Em sua explanação, o diretor ressaltou que esteve reunido com o secretário de Infraestrutura, Clayton Noleto, e o superintendente do órgão no Maranhão, Maurício Itapary, para conhecer de perto a realidade da BR-135. Segundo Luís Antônio, a situação caótica na qual se encontra a rodovia é fruto da falta de manutenção adequada por parte da empresa que detinha o contrato, que, desde janeiro de 2015, executou apenas 28% do convênio.
De acordo com o diretor, sete equipes já começaram a trabalhar no trecho do quilômetro zero (retorno do aeroporto de São Luís) até o quilômetro 69 (cidade de Santa Rita), e do quilômetro 69 ao 199 (Caxuxa). Segundo Luís Antônio, após pedido do governador Flávio Dino, a meta do órgão é duplicar o contingente inicial, que seriam de 12 equipes trabalhando nos dois trechos, para um total de 24, cada uma com 10 trabalhadores, realizando a operação tapa-buracos.
“Nós acabamos de concluir as licitações para contratação das empresas para prestar o serviço de conservação de rodovias. Nós teremos 24 equipes que vão estar ostensivamente atuando, principalmente, nesse período chuvoso, que é um período crítico, para dar condição satisfatória de segurança e condições de trafegabilidade. Para, assim, terminando o período de chuvas, nós fazermos as intervenções no pavimento para que tenhamos uma rodovia em um estado muito melhor do que ela se encontra hoje”, explicou o diretor.
Duplicação da BR-135 – Sobre a duplicação da BR-135, Luís Antônio esclareceu que a obra está dentro das prioridades para execução, e terá início no dia 18 de abril. “A empresa contratada está se mobilizando, firmou um compromisso para o dia 18 de abril reiniciar as obras. Já vemos algumas equipes retirando os entulhos. Não temos nenhuma dívida a mais com o consórcio construtor e temos os recursos garantidos através de uma emenda impositiva de bancada para a continuidade e conclusão dessa obra”, garantiu o diretor.

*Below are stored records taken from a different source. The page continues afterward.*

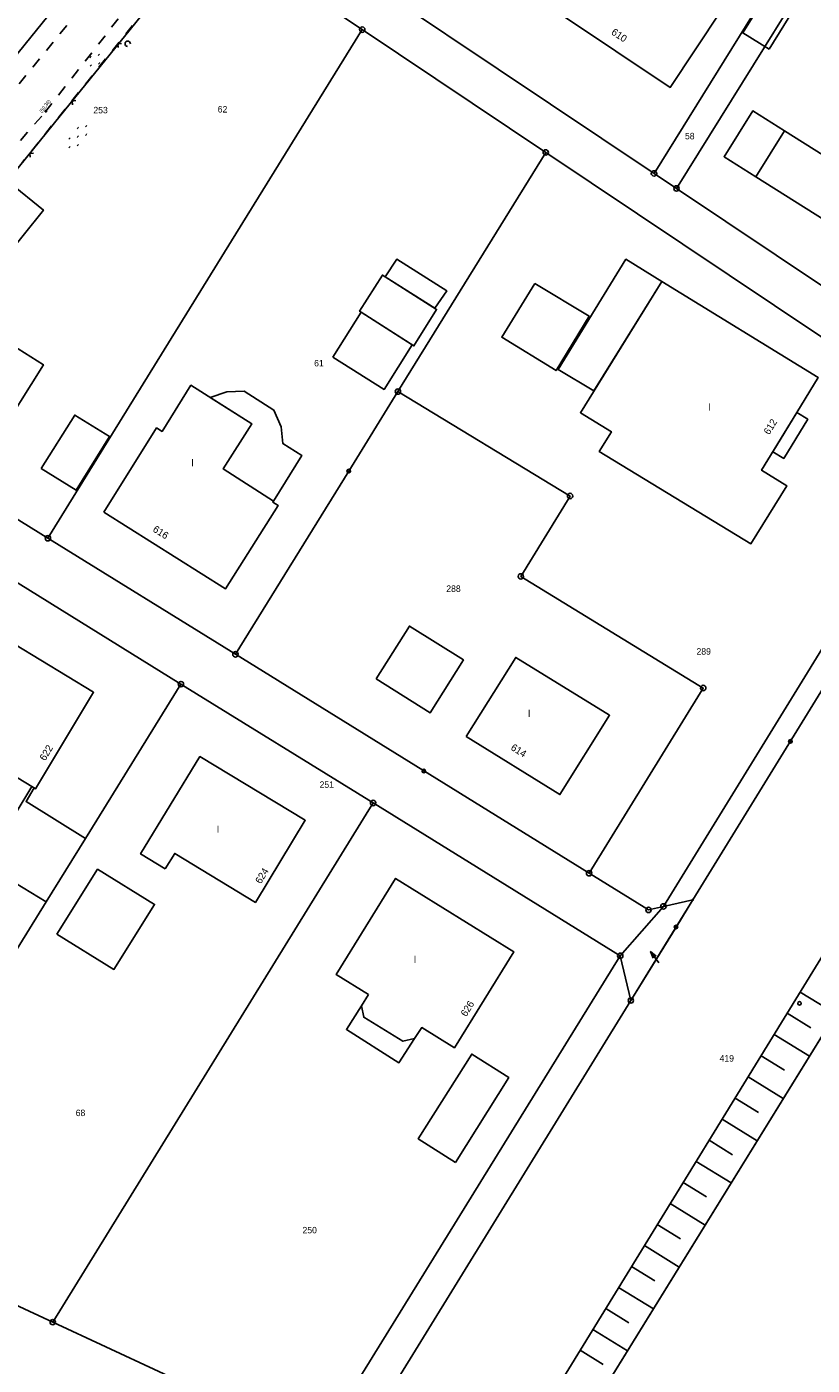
# Model space of a CAD drawing. Extents: x 2408905 to 4819478, y 5786105 to 11573663.
# Tile 26 of 39: x 2410016 to 2410089, y 5786802 to 5786926. Entities that reach past the tile are written whole.
import ezdxf

# ---------------------------------------------------------------- set-up
doc = ezdxf.new("R2010")
doc.units = 0
doc.linetypes.add('DASHED_70', pattern=[2, 1, -1])
for name, color, linetype in [('K100-FLST_GRENZEN', 40, 'Continuous'), ('K105-FLST_NUMMERN', 40, 'Continuous'), ('K125-GEB_LINIEN', 40, 'Continuous'), ('K130-GEB_TEXTE', 40, 'Continuous'), ('K140-KATASTERTOPO', 7, 'Continuous'), ('K145-VERM_PKTE', 7, 'Continuous'), ('TOP-HOEHENI', 7, 'Continuous'), ('TOP-LINIEN', 7, 'Continuous'), ('TOP-SYMBOLE', 7, 'Continuous')]:
    doc.layers.add(name, color=color, linetype=linetype)
doc.styles.add('SIMPLEX', font='CONTINUOUS')

# ---------------------------------------------------------------- blocks, each defined once
blk = doc.blocks.new('233')
at = {"layer": 'K105-FLST_NUMMERN', "color": 7}
for points in [[(2, 0.5, 0), (0, 0, 0), (2, -0.5, 0)], [(0, 0, 0), (4, 0, 0)]]:
    blk.add_polyline3d(points, dxfattribs=at)
blk = doc.blocks.new('128')
at = {"color": 250, "linetype": 'Continuous'}
blk.add_circle((0, 0), 0.5, dxfattribs=at)
blk = doc.blocks.new('GRENZSTEIN')
at = {"color": 7, "linetype": 'Continuous'}
blk.add_circle((0, 0), 0.75, dxfattribs=at)
blk = doc.blocks.new('251')
at = {"color": 40, "linetype": 'Continuous'}
blk.add_circle((0, 0), 0.175, dxfattribs=at)
blk = doc.blocks.new('1783')
at = {"layer": 'TOP-SYMBOLE', "color": 250}
blk.add_polyline3d([(-1, 1, 0), (0, 0, 0), (1, 1, 0)], dxfattribs=at)
blk = doc.blocks.new('179')
at = {"layer": 'TOP-SYMBOLE', "color": 111}
for points in [[(-4, -0.25, 0), (-4, 0.25, 0)], [(-3.5, -0.25, 0), (-3.5, 0.25, 0)], [(-0.25, 2.75, 0), (-0.25, 3.25, 0)], [(0.25, 2.75, 0), (0.25, 3.25, 0)], [(3.5, -0.25, 0), (3.5, 0.25, 0)], [(4, -0.25, 0), (4, 0.25, 0)], [(-0.25, -3.25, 0), (-0.25, -2.75, 0)], [(0.25, -3.25, 0), (0.25, -2.75, 0)]]:
    blk.add_polyline3d(points, dxfattribs=at)
blk = doc.blocks.new('178')
at = {"layer": 'TOP-SYMBOLE', "color": 111}
for points in [[(-7.75, -0.25, 0), (-7.75, 0.25, 0)], [(-7.25, -0.25, 0), (-7.25, 0.25, 0)], [(-4, 2.75, 0), (-4, 3.25, 0)], [(-3.5, 2.75, 0), (-3.5, 3.25, 0)], [(-0.25, -0.25, 0), (-0.25, 0.25, 0)], [(0.25, -0.25, 0), (0.25, 0.25, 0)], [(3.5, 2.75, 0), (3.5, 3.25, 0)], [(4, 2.75, 0), (4, 3.25, 0)], [(7.25, -0.25, 0), (7.25, 0.25, 0)], [(7.75, -0.25, 0), (7.75, 0.25, 0)], [(-4, -3.25, 0), (-4, -2.75, 0)], [(-3.5, -3.25, 0), (-3.5, -2.75, 0)], [(3.5, -3.25, 0), (3.5, -2.75, 0)], [(4, -3.25, 0), (4, -2.75, 0)]]:
    blk.add_polyline3d(points, dxfattribs=at)
blk = doc.blocks.new('168')
at = {"color": 250, "linetype": 'Continuous'}
blk.add_arc((0, 0.001), 1, 318.61027, 221.38965, dxfattribs=at)
blk = doc.blocks.new('247')
at = {"layer": 'TOP-HOEHENI', "color": 250}
for points in [[(-0.375, 0, 0), (0.375, 0, 0)], [(0, -0.375, 0), (0, 0.375, 0)]]:
    blk.add_polyline3d(points, dxfattribs=at)

msp = doc.modelspace()

# ---------------------------------------------------------------- linework, layer by layer
at = {"layer": 'K100-FLST_GRENZEN', "color": 250}
msp.add_lwpolyline([(2409942.979, 5786594.967), (2409996.247, 5786681.33), (2410000.358, 5786687.984), (2410029.923, 5786735.841), (2410090.49, 5786833.877), (2410151.056, 5786931.913), (2410176.084, 5786972.424), (2410182.635, 5786983.027), (2410175.94, 5786985.231), (2410171.788, 5786986.597), (2410166.243, 5786988.422), (2410124.468, 5786921.005), (2410106.04, 5786891.267), (2410103.841, 5786887.697), (2410077.643, 5786845.173), (2410073.706, 5786838.781), (2410071.878, 5786835.813), (2410004.876, 5786727.078), (2410001.393, 5786721.437), (2409999.874, 5786718.982), (2409982.028, 5786690), (2409945.76, 5786631.418)], dxfattribs=at)
for points in [[(2410085.403, 5786699.357), (2410228.085, 5786605.528), (2410220.306, 5786675.062), (2410206.917, 5786818.442), (2410193.529, 5786961.822), (2410188.734, 5786971.028), (2410181.216, 5786973.867), (2410151.056, 5786931.913), (2410090.49, 5786833.877), (2410029.923, 5786735.841)], [(2410035.416, 5786938.551), (2410074.033, 5786912.696), (2410086.51, 5786932.749), (2410075.248, 5786940.257), (2410062.542, 5786948.727), (2410050.287, 5786956.897)], [(2410009.1, 5786956.124), (2409990.681, 5786929.221), (2409989.783, 5786927.909), (2410007.251, 5786914.486), (2410029.762, 5786942.267)], [(2409927.017, 5786815.023), (2409933.571, 5786812.782), (2409952.671, 5786836.352), (2409983.654, 5786874.585), (2409992.191, 5786885.136), (2409999.148, 5786893.732), (2410018.292, 5786917.389), (2410032.896, 5786935.436), (2410046.913, 5786926.055), (2410063.964, 5786914.643), (2410102.275, 5786889.004), (2410103.827, 5786892.748), (2410076.125, 5786911.295), (2410074.033, 5786912.696), (2410035.416, 5786938.551), (2410029.762, 5786942.267), (2410007.251, 5786914.486), (2410003.508, 5786909.867), (2409978.366, 5786878.841), (2409978.187, 5786878.986), (2409926.556, 5786815.18)], [(2410076.125, 5786911.295), (2410094.366, 5786940.642), (2410092.271, 5786942.008), (2410086.51, 5786932.749), (2410074.033, 5786912.696)], [(2410076.125, 5786911.295), (2410103.827, 5786892.748), (2410121.897, 5786922.683), (2410121.118, 5786923.191), (2410094.366, 5786940.642)], [(2409999.856, 5786889.812), (2410017.681, 5786878.783), (2410035.17, 5786907.066), (2410046.913, 5786926.055), (2410032.896, 5786935.436), (2410018.292, 5786917.389), (2409999.148, 5786893.732)], [(2410035.121, 5786867.99), (2410045.655, 5786885.029), (2410050.223, 5786892.418), (2410063.964, 5786914.643), (2410046.913, 5786926.055), (2410035.17, 5786907.066), (2410017.681, 5786878.783)], [(2410077.643, 5786845.173), (2410103.841, 5786887.697), (2410106.04, 5786891.267), (2410124.468, 5786921.005), (2410121.897, 5786922.683), (2410103.827, 5786892.748), (2410102.275, 5786889.004), (2410074.909, 5786844.558)], [(2410050.223, 5786892.418), (2410066.227, 5786882.706), (2410061.651, 5786875.238), (2410078.611, 5786864.859), (2410068.001, 5786847.646), (2410073.518, 5786844.233), (2410074.909, 5786844.558), (2410102.275, 5786889.004), (2410063.964, 5786914.643)], [(2409996.622, 5786885.884), (2410012.182, 5786876.265), (2410030.056, 5786865.215), (2410047.92, 5786854.171), (2410070.895, 5786839.97), (2410074.909, 5786844.558), (2410073.518, 5786844.233), (2410068.001, 5786847.646), (2410035.121, 5786867.99), (2410017.681, 5786878.783), (2409999.856, 5786889.812), (2409999.148, 5786893.732), (2409992.191, 5786885.136)], [(2410035.121, 5786867.99), (2410068.001, 5786847.646), (2410078.611, 5786864.859), (2410061.651, 5786875.238), (2410066.227, 5786882.706), (2410050.223, 5786892.418), (2410045.655, 5786885.029)], [(2409983.643, 5786821.976), (2409988.907, 5786819.522), (2409998.897, 5786814.87), (2410017.527, 5786844.974), (2410021.186, 5786850.884), (2410030.056, 5786865.215), (2410012.182, 5786876.265), (2409979.769, 5786823.777)], [(2410014.609, 5786807.555), (2410018.134, 5786805.914), (2410047.92, 5786854.171), (2410030.056, 5786865.215), (2410021.186, 5786850.884), (2410017.527, 5786844.974), (2409998.897, 5786814.87)], [(2410042.789, 5786794.435), (2410070.895, 5786839.97), (2410047.92, 5786854.171), (2410018.134, 5786805.914)], [(2410071.878, 5786835.813), (2410076.143, 5786842.737), (2410077.643, 5786845.173), (2410074.909, 5786844.558), (2410070.895, 5786839.97)], [(2409865.705, 5786503.032), (2409871.977, 5786513.4), (2409880.784, 5786525.842), (2409941.582, 5786624.67), (2409945.76, 5786631.418), (2409982.028, 5786690), (2409999.874, 5786718.982), (2410003.076, 5786724.157), (2410004.876, 5786727.078), (2410071.878, 5786835.813), (2410070.895, 5786839.97), (2410042.789, 5786794.435), (2410026.732, 5786768.42), (2410002.225, 5786728.715), (2409997.895, 5786721.695), (2409976.274, 5786686.62), (2409963.108, 5786665.26), (2409961.955, 5786663.388), (2409942.765, 5786632.257), (2409938.728, 5786625.591), (2409896.004, 5786556.459), (2409866.307, 5786508.406), (2409863.72, 5786504.219)], [(2409969.979, 5786739.614), (2410002.225, 5786728.715), (2410026.732, 5786768.42), (2410042.789, 5786794.435), (2410018.134, 5786805.914), (2410014.609, 5786807.555), (2410000.221, 5786786.092), (2409991.215, 5786772.657), (2409982.352, 5786759.418), (2409978.561, 5786753.52), (2409975.348, 5786748.314)]]:
    msp.add_lwpolyline(points, close=True, dxfattribs=at)
at = {"layer": 'K125-GEB_LINIEN', "color": 250}
for points in [[(2410065.437, 5786927.432), (2410075.537, 5786920.693), (2410080.237, 5786927.762), (2410074.224, 5786931.805), (2410074.844, 5786932.738), (2410070.773, 5786935.441)], [(2410084.724, 5786924.245), (2410088.424, 5786930.216), (2410085.973, 5786931.71), (2410082.293, 5786925.752)], [(2410083.491, 5786912.382), (2410089.854, 5786908.368), (2410089.794, 5786908.259), (2410097.447, 5786903.499), (2410103.307, 5786912.946), (2410103.215, 5786913.022), (2410105.991, 5786917.484), (2410098.11, 5786922.387), (2410095.176, 5786917.589), (2410095.478, 5786917.409), (2410092.511, 5786912.639), (2410086.148, 5786916.652)], [(2410083.491, 5786912.382), (2410086.148, 5786916.652), (2410083.219, 5786918.499), (2410080.545, 5786914.241)], [(2410013.502, 5786904.577), (2410017.262, 5786909.285), (2410014.138, 5786911.811), (2410010.367, 5786907.12)], [(2410049.031, 5786903.088), (2410053.662, 5786900.153), (2410054.76, 5786901.763), (2410050.108, 5786904.711)], [(2410068.443, 5786892.469), (2410074.757, 5786902.66), (2410071.418, 5786904.714), (2410065.121, 5786894.46)], [(2410046.814, 5786899.785), (2410051.707, 5786896.663), (2410053.822, 5786900.052), (2410049.031, 5786903.088), (2410048.779, 5786903.248), (2410046.654, 5786899.887)], [(2410003.639, 5786893.599), (2410012.819, 5786887.821), (2410017.262, 5786894.908), (2410011.935, 5786898.25), (2410012.855, 5786899.718), (2410008.999, 5786902.151)], [(2410062.962, 5786902.466), (2410059.871, 5786897.462), (2410064.922, 5786894.371), (2410067.994, 5786899.432)], [(2410074.757, 5786902.66), (2410067.184, 5786890.451), (2410070.075, 5786888.676), (2410068.943, 5786886.846), (2410083.038, 5786878.266), (2410086.373, 5786883.661), (2410084.027, 5786885.098), (2410087.299, 5786890.464), (2410089.287, 5786893.724)], [(2410044.169, 5786895.607), (2410048.934, 5786892.611), (2410051.547, 5786896.765), (2410046.814, 5786899.785)], [(2410022.896, 5786881.201), (2410034.207, 5786874.08), (2410039.082, 5786881.831), (2410038.591, 5786882.14), (2410038.654, 5786882.242), (2410033.992, 5786885.219), (2410036.646, 5786889.409), (2410030.984, 5786892.995), (2410028.298, 5786888.707), (2410027.781, 5786889.03)], [(2410035.933, 5786892.446), (2410034.308, 5786892.385), (2410032.775, 5786891.861), (2410036.646, 5786889.409), (2410033.992, 5786885.219), (2410038.654, 5786882.242), (2410041.292, 5786886.465), (2410039.538, 5786887.577), (2410039.356, 5786889.141), (2410038.701, 5786890.687)], [(2410085.073, 5786886.814), (2410086.101, 5786886.203), (2410088.332, 5786889.834), (2410087.299, 5786890.464)], [(2410017.062, 5786885.252), (2410020.309, 5786883.244), (2410023.401, 5786888.243), (2410020.179, 5786890.235)], [(2410048.197, 5786865.704), (2410053.237, 5786862.553), (2410056.319, 5786867.474), (2410051.289, 5786870.611)], [(2410016.179, 5786855.713), (2410016.538, 5786855.495), (2410021.926, 5786864.466), (2410012.111, 5786870.427), (2410006.699, 5786861.463)], [(2410056.58, 5786860.342), (2410065.28, 5786854.946), (2410069.904, 5786862.332), (2410061.18, 5786867.701)], [(2410028.598, 5786848.042), (2410029.47, 5786849.479), (2410036.979, 5786844.93), (2410041.604, 5786852.572), (2410031.811, 5786858.491), (2410026.303, 5786849.431)], [(2410017.527, 5786844.974), (2410021.186, 5786850.884), (2410015.649, 5786854.308), (2410016.41, 5786855.573), (2410016.179, 5786855.713), (2410011.785, 5786848.439)], [(2410018.528, 5786841.981), (2410023.825, 5786838.709), (2410027.598, 5786844.742), (2410022.302, 5786848.015)], [(2410047.495, 5786836.363), (2410046.824, 5786835.307), (2410047.05, 5786834.262), (2410050.683, 5786832.02), (2410051.776, 5786832.271), (2410052.444, 5786833.3), (2410055.479, 5786831.422), (2410061.015, 5786840.336), (2410050.012, 5786847.168), (2410044.477, 5786838.23)], [(2410047.05, 5786834.262), (2410046.824, 5786835.307), (2410045.435, 5786833.119), (2410050.319, 5786830.03), (2410051.776, 5786832.271), (2410050.683, 5786832.02)], [(2410055.563, 5786820.748), (2410060.535, 5786828.644), (2410057.091, 5786830.838), (2410052.117, 5786822.963)]]:
    msp.add_lwpolyline(points, close=True, dxfattribs=at)
at = {"layer": 'K140-KATASTERTOPO', "color": 250}
msp.add_polyline3d([(2409877.985, 5786497.408, 0), (2409892.282, 5786520.624, 0), (2409935.544, 5786587.197, 0), (2409986.243, 5786671.594, 0), (2410084.793, 5786831.999, 0), (2410113.675, 5786878.996, 0), (2410143.567, 5786926.839, 0), (2410159.5, 5786949.228, 0), (2410176.084, 5786972.424, 0), (2410182.635, 5786983.027, 0), (2410181.216, 5786973.867, 0), (2410151.056, 5786931.913, 0), (2410029.923, 5786735.841, 0), (2410000.358, 5786687.984, 0), (2409996.247, 5786681.33, 0), (2409942.979, 5786594.967, 0), (2409941.473, 5786592.525, 0), (2409940.363, 5786590.727, 0), (2409928.208, 5786571.033, 0), (2409895.508, 5786518.057, 0), (2409877.678, 5786489.314, 0), (2409877.985, 5786497.408, 0)], close=True, dxfattribs=at)
msp.add_polyline3d([(2409877.985, 5786497.408, 0), (2409892.282, 5786520.624, 0), (2409935.544, 5786587.197, 0), (2409986.243, 5786671.594, 0), (2410084.793, 5786831.999, 0), (2410113.675, 5786878.996, 0), (2410143.567, 5786926.839, 0), (2410159.5, 5786949.228, 0), (2410176.084, 5786972.424, 0), (2410182.635, 5786983.027, 0), (2410181.216, 5786973.867, 0), (2410151.056, 5786931.913, 0), (2410029.923, 5786735.841, 0), (2410000.358, 5786687.984, 0), (2409996.247, 5786681.33, 0), (2409942.979, 5786594.967, 0), (2409941.473, 5786592.525, 0), (2409940.363, 5786590.727, 0), (2409928.208, 5786571.033, 0), (2409895.508, 5786518.057, 0), (2409877.678, 5786489.314, 0), (2409877.985, 5786497.408, 0)], close=True, dxfattribs=at)
for points in [[(2410087.622, 5786836.602, 0), (2410090.921, 5786834.575, 0)], [(2410087.622, 5786836.602, 0), (2410090.921, 5786834.575, 0)], [(2410086.408, 5786834.627, 0), (2410088.604, 5786833.277, 0)], [(2410086.408, 5786834.626, 0), (2410088.604, 5786833.277, 0)], [(2410085.195, 5786832.653, 0), (2410088.484, 5786830.631, 0)], [(2410085.195, 5786832.653, 0), (2410088.484, 5786830.631, 0)], [(2410083.983, 5786830.681, 0), (2410086.173, 5786829.336, 0)], [(2410083.983, 5786830.681, 0), (2410086.173, 5786829.336, 0)], [(2410082.773, 5786828.712, 0), (2410086.053, 5786826.697, 0)], [(2410082.773, 5786828.711, 0), (2410086.053, 5786826.696, 0)], [(2410081.565, 5786826.744, 0), (2410083.748, 5786825.403, 0)], [(2410081.565, 5786826.744, 0), (2410083.748, 5786825.403, 0)], [(2410080.357, 5786824.779, 0), (2410083.628, 5786822.77, 0)], [(2410080.357, 5786824.779, 0), (2410083.627, 5786822.77, 0)], [(2410079.151, 5786822.816, 0), (2410081.328, 5786821.478, 0)], [(2410079.151, 5786822.816, 0), (2410081.328, 5786821.478, 0)], [(2410077.946, 5786820.855, 0), (2410081.207, 5786818.852, 0)], [(2410077.946, 5786820.855, 0), (2410081.207, 5786818.851, 0)], [(2410076.743, 5786818.896, 0), (2410078.913, 5786817.562, 0)], [(2410076.743, 5786818.896, 0), (2410078.913, 5786817.562, 0)], [(2410075.54, 5786816.939, 0), (2410078.791, 5786814.942, 0)], [(2410075.54, 5786816.939, 0), (2410078.791, 5786814.942, 0)], [(2410074.339, 5786814.984, 0), (2410076.503, 5786813.655, 0)], [(2410074.34, 5786814.984, 0), (2410076.504, 5786813.655, 0)], [(2410073.14, 5786813.032, 0), (2410076.381, 5786811.041, 0)], [(2410073.14, 5786813.032, 0), (2410076.381, 5786811.04, 0)], [(2410071.942, 5786811.081, 0), (2410074.099, 5786809.756, 0)], [(2410071.942, 5786811.081, 0), (2410074.099, 5786809.756, 0)], [(2410070.745, 5786809.133, 0), (2410073.976, 5786807.148, 0)], [(2410070.745, 5786809.133, 0), (2410073.976, 5786807.148, 0)], [(2410069.549, 5786807.187, 0), (2410071.7, 5786805.865, 0)], [(2410069.549, 5786807.187, 0), (2410071.7, 5786805.865, 0)], [(2410068.354, 5786805.243, 0), (2410071.576, 5786803.263, 0)], [(2410068.354, 5786805.243, 0), (2410071.576, 5786803.263, 0)], [(2410067.161, 5786803.301, 0), (2410069.306, 5786801.983, 0)], [(2410067.161, 5786803.301, 0), (2410069.306, 5786801.983, 0)]]:
    msp.add_polyline3d(points, dxfattribs=at)
at = {"layer": 'TOP-LINIEN', "color": 250, "linetype": 'DASHED_70'}
for p, q in [((2410015.016, 5786921.025, 50.3), (2410023.844, 5786931.882, 50.401)), ((2410026.692, 5786930.212, 50.364), (2410017.496, 5786918.469, 50.362)), ((2410028.065, 5786929.565, 50.372), (2410015.258, 5786913.66, 50.326)), ((2410009.868, 5786909.737, 50.39), (2410017.498, 5786918.467, 50.361))]:
    msp.add_line(p, q, dxfattribs=at)

# ---------------------------------------------------------------- block references
at = {"layer": 'K100-FLST_GRENZEN', "color": 250, "xscale": 0.333, "yscale": 0.333}
for name, p in [('GRENZSTEIN', (2410046.913, 5786926.055)), ('GRENZSTEIN', (2410063.964, 5786914.643)), ('GRENZSTEIN', (2410074.033, 5786912.696)), ('GRENZSTEIN', (2410076.125, 5786911.295)), ('GRENZSTEIN', (2410050.223, 5786892.418)), ('GRENZSTEIN', (2410066.227, 5786882.706)), ('GRENZSTEIN', (2410017.681, 5786878.783)), ('GRENZSTEIN', (2410061.651, 5786875.238)), ('GRENZSTEIN', (2410035.121, 5786867.99)), ('GRENZSTEIN', (2410030.056, 5786865.215)), ('GRENZSTEIN', (2410078.611, 5786864.859)), ('GRENZSTEIN', (2410047.92, 5786854.171)), ('GRENZSTEIN', (2410068.001, 5786847.646)), ('GRENZSTEIN', (2410073.518, 5786844.233)), ('GRENZSTEIN', (2410074.909, 5786844.558)), ('251', (2410077.643, 5786845.173)), ('GRENZSTEIN', (2410070.895, 5786839.97)), ('GRENZSTEIN', (2410071.878, 5786835.813)), ('GRENZSTEIN', (2410018.134, 5786805.914))]:
    msp.add_blockref(name, p, dxfattribs=at)
at = {"layer": 'K105-FLST_NUMMERN', "color": 250, "xscale": 0.325, "yscale": 0.325, "rotation": 306.46}
msp.add_blockref('233', (2410073.712, 5786840.355), dxfattribs=at)
at = {"layer": 'K145-VERM_PKTE', "color": 250, "xscale": 0.333, "yscale": 0.333}
for p in [(2410045.655, 5786885.029), (2410086.712, 5786859.901), (2410052.633, 5786857.145), (2410076.079, 5786842.648), (2410087.559, 5786835.545)]:
    msp.add_blockref('128', p, dxfattribs=at)
at = {"layer": 'TOP-HOEHENI', "color": 250, "xscale": 0.333, "yscale": 0.333}
msp.add_blockref('247', (2410017.496, 5786918.469, 50.362), dxfattribs=at)
at = {"layer": 'TOP-SYMBOLE', "color": 250}
for name, p, xscale, yscale, rotation in [('179', (2410022.051, 5786923.218), 0.166, 0.166, 53.305), ('1783', (2410024.171, 5786924.739), 0.25, 0.25, 231.02), ('168', (2410025.104, 5786924.747), 0.25, 0.25, 41.00000000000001), ('1783', (2410019.938, 5786919.423), 0.25, 0.25, 231.02), ('178', (2410020.463, 5786916.113), 0.166, 0.166, 51.39800000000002), ('1783', (2410015.99, 5786914.544), 0.25, 0.25, 231.019)]:
    msp.add_blockref(name, p, dxfattribs=dict(at, xscale=xscale, yscale=yscale, rotation=rotation))

# ---------------------------------------------------------------- texts
at = {"layer": 'K105-FLST_NUMMERN', "color": 250, "linetype": 'Continuous', "style": 'SIMPLEX'}
for s, p in [('253', (2410021.911, 5786918.278, 50.009)), ('62', (2410033.472, 5786918.354, 50.009)), ('58', (2410076.91, 5786915.863, 50.009)), ('61', (2410042.436, 5786894.75, 50.009)), ('288', (2410054.722, 5786873.795, 50.009)), ('289', (2410077.981, 5786867.96, 50.009)), ('251', (2410042.941, 5786855.581, 50.009)), ('419', (2410080.129, 5786830.133, 50.009)), ('68', (2410020.268, 5786825.069, 50.009)), ('250', (2410041.352, 5786814.169, 50.009))]:
    msp.add_text(s, height=0.6, dxfattribs=at).set_placement(p)
at = {"layer": 'K130-GEB_TEXTE', "color": 250, "linetype": 'Continuous', "style": 'SIMPLEX'}
for s, rotation, p in [('610', 326.179, (2410069.999, 5786925.671)), ('612', 58.415, (2410084.741, 5786888.342)), ('616', 327.69, (2410027.372, 5786879.449)), ('622', 58.981, (2410017.428, 5786858.034)), ('614', 328.077, (2410060.649, 5786859.159)), ('624', 58.783, (2410037.476, 5786846.598)), ('626', 58.145, (2410056.573, 5786834.257))]:
    msp.add_text(s, height=0.666, rotation=rotation, dxfattribs=at).set_placement(p)
for p in [(2410079.083, 5786890.642), (2410031.006, 5786885.469), (2410062.296, 5786862.169), (2410033.379, 5786851.412), (2410051.692, 5786839.307)]:
    msp.add_text('I', height=0.666, dxfattribs=at).set_placement(p)
at = {"layer": 'TOP-HOEHENI', "color": 250, "linetype": 'Continuous', "style": 'SIMPLEX', "width": 0.8}
msp.add_text('(50,36)', height=0.33, rotation=53, dxfattribs=at).set_placement((2410017.12, 5786918.284))

doc.saveas('drawing.dxf')

O governador Flávio Dino destacou que a reunião foi importante, pois houve chancela da presidenta Dilma Rousseff, mediante a presença de representantes do Governo Federal, e ressaltou que o Estado vai acompanhar essas obras que são essenciais para a sociedade e a economia maranhense.
“Convidamos os representantes empresariais que compõe o Cema para que eles pudessem também tirar suas dúvidas, de modo que nos próximos dois meses teremos esse imenso desafio. O Governo Federal de executar, e o Governo Estadual de acompanhar o cumprimento dessas metas”, realçou o governador.
Para Gustavo Ribeiro, a presença do Governo Federal no Maranhão se deve a uma gestão profícua que o governador vem apresentando para que a recuperação da BR-135 se dê o mais rápido possível. “A presidenta da República se mostrou muito sensibilizada com os últimos acontecimentos em decorrência das obras. E a minha participação aqui hoje é trazer o apoio efetivo da Presidência ao governador Flávio Dino para que haja o efetivo andamento das obras”, reiterou o assessor.
Situação de outras BRs – O governador Flávio Dino aproveitou a reunião para enfatizar a importância do trabalho de pavimentação emergencial ser feito não só do trecho da cidade de São Luís até Caxuxa, mas também na continuação da BR no sentido do município de Presidente Dutra. Ele salientou também a necessidade de realizar a recuperação da BR-222, que também se encontra comprometida.
“Finalmente tratamos da possibilidade da bancada federal maranhense, e o Governo do Estado fará esse pedido, faça uma emenda para que o trecho da BR-226, entre o povoado do Baú e a cidade de Timon, passe a ser priorizada também pelo DNIT”, concluiu o governador.